Month: September 2019

Language Comes Back to Bite a Decade Later

Language Comes Back to Bite a Decade Later

Johnson v. McCarthy, 10th Dist. No. 17AP-655, 2019-Ohio-3489 (August 29, 2019).

Issue:  What is the date of valuation used for dividing a defined benefit pension plan when no specific date is listed?

Decision:  The Tenth District Court of Appeals determined that the judgment entry language at issue in this case “clearly” required the defined benefit plan to be divided using the “frozen” method—meaning the benefit is valued at the time of divorce and not at the time of retirement.  In this case, the parties were divorced in 2005.  Two retirement plans were divided in the divorce—one of which was an IBM pension.  In regard to the IBM pension, the judgment entry stated, in part:

[Wife] is awarded an equal division of the [IBM] personal pension plan . . . [Husband] shall promptly and fully cooperate with the transfer of the one half interests awarded to [Wife] in each of the above retirement plans to [Wife’s] name via a Qualified Domestic Relations Order, rollover or other appropriate instrument.

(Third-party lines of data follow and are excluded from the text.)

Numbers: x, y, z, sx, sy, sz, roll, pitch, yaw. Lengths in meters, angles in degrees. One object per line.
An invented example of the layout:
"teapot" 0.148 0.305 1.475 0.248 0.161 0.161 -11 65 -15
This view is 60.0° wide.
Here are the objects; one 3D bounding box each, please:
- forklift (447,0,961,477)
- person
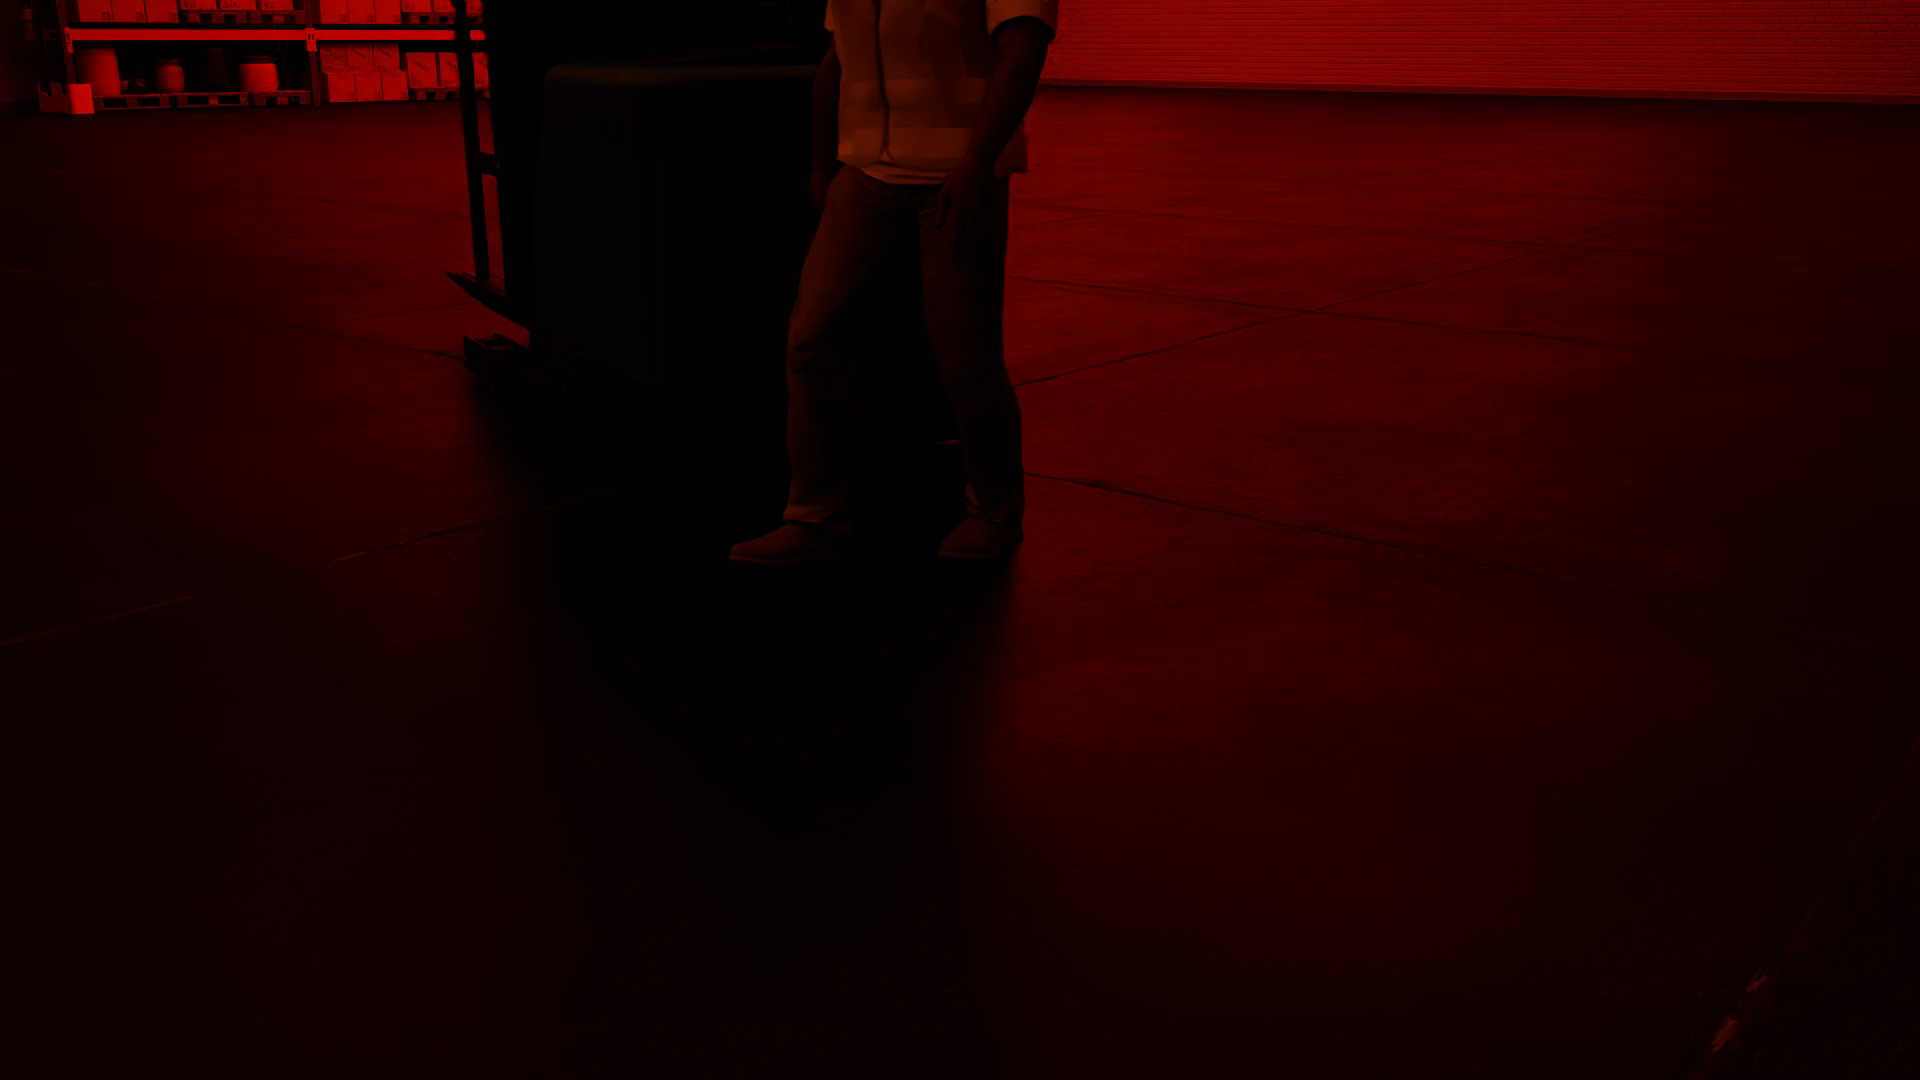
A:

In 2015, the Husband retired.  In 2017, nearly 12 years after the parties’ divorce, Wife moved the court for clarification of the 2005 judgment entry regarding the IBM pension.  Wife contended that the pension was meant to be divided using the traditional coverture approach, which values the marital portion of a pension at retirement.  Husband argued that the judgment entry valued the marital portion of the pension at the date of divorce (i.e., the frozen method).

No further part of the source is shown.